NEW YORK (AP) _ Physics, synergetics and geometry are the inspirations for Gabriele Knecht's architectural but softly structured clothing.

They are uncommon influences for a fashion designer, but not surprising from a person who dedicated 10 years to developing her now-patented sleeve and who learned from her father, a physicist.

''I always had a feeling there was more to clothes,'' the German-born Ms. Knecht said during a private preview of her fall and winter collection inside her Manhattan workshop last week.

Ms. Knecht, 47, said she began to experiment with the structure of clothing while working as a children's and knitwear designer in the early 1970s.

Her sleeve - which is like a softly sculpted petal that folds slightly forward instead of straight out - ''would allow an orchestra conductor to raise his arms without his jacket getting all bunched up around the neck,'' she says.

After researching the idea of a diagonally-set sleeve for 10 years and finally arriving at the correct formula, she applied for a patent in 1982.

Only then did Ms. Knecht start designing her own line.

The time and energy spent on the project proved worthwhile since Saks brought the exclusive rights to her first collection.

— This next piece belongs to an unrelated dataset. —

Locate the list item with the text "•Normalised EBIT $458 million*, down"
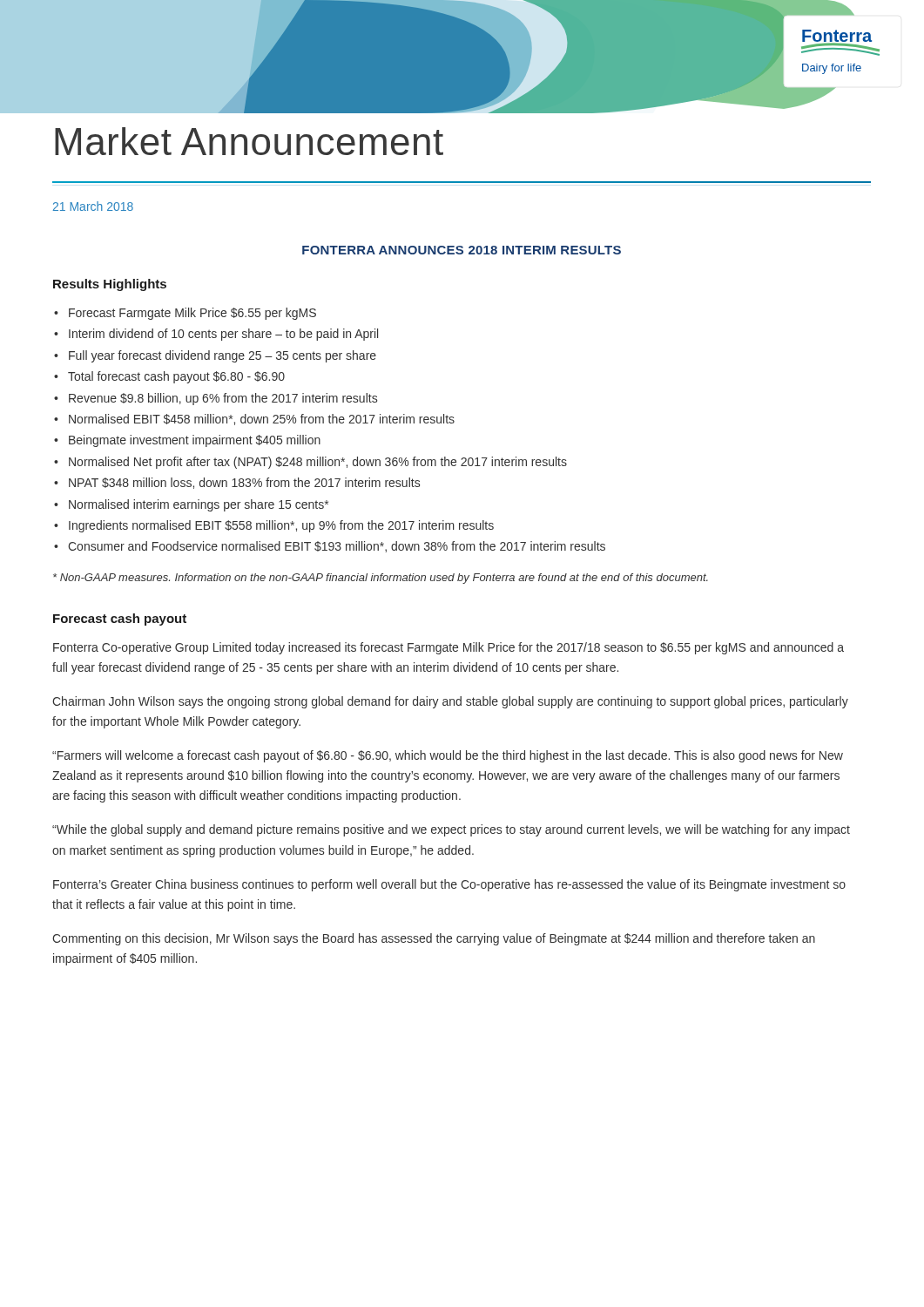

And last year, Ms. Knecht was chosen from among 250 new designers as the recepient of the first More fashion award. It was an honor made special because she was judged and chosen by stylists including Bill Blass, Willi Smith and Caroline Herrera.

The award has brought her both recognition and customers. Her clothes are now also available at Macy's department stores around the country.

Ms. Knecht's fall collection offers soft pieces in wool doubleknit and wool crepe with some organza tops and velvet skirts for evening.

The outfits form monochromatic silhouettes in ivory, gunmetal gray, rose, black, or burnished gold and are worn with matching pantyhose, designed by Ms. Knecht for Burlington.

A gray wool doubleknit dress is simply structured, but like the rest of the collection it has intricate and exact detailing. A wide sash that ties in the back, also drapes into soft gathers in front. Rounded shoulders give the illusion of fullness without using bulky shoulder pads.

Her patterns are based on tiny squares which fit together in infinite combinations.

An ''amoeba shape'' red dress has a peplum with a curved side flange, that is actually cut from the same piece of fabric as the sleeves.

A ''double helix'' dress is so called because the material wraps diagonally from front to back, fitting together ''like a DNA model,'' the designer explains.

For daytime, Ms. Knecht offers a gray, hooded tunic with a criss-cross belt worn over matching pants in the same doubleknit material. An ivory, ribbed, cowlneck dress with wooden shoulder buttons - a different accent used often by the desginer - was especially pretty.

Evening clothes, new to the Knecht collection, are understated.

A gray velvet jumper with a criss-crossed back and a single pleat in the front and back is worn with a gray organza blouse.

A set of cropped, checked satin blouses with tiny bow accents are the only patterned pieces in the collection. These are shown with long, slightly flared, velvet skirts.

Ms. Knecht says when trying a new design, ''I feel the way my body feels when it moves, the way fabric touches my body.''

The result is comfortable, loose clothing that sports wonderful details like gathers, belts, and big shoulders that highlight body curves.

Her styling is unique because rather than stitching material together, she likes to explore ways fabric can be shaped and folded.

''I've learned to turn somersaults with my mind,'' Ms. Knecht said, explaining how she shapes the fabric in her mind, turning corners, going upside down and following diagonals from front to back.

The designer plans to publish a book explaining her pattern techniques and would like to further expand her line to include men's, children and sportswear.

But most of all, she wants to continue to explore. ''There's so much that we don't know,'' she said.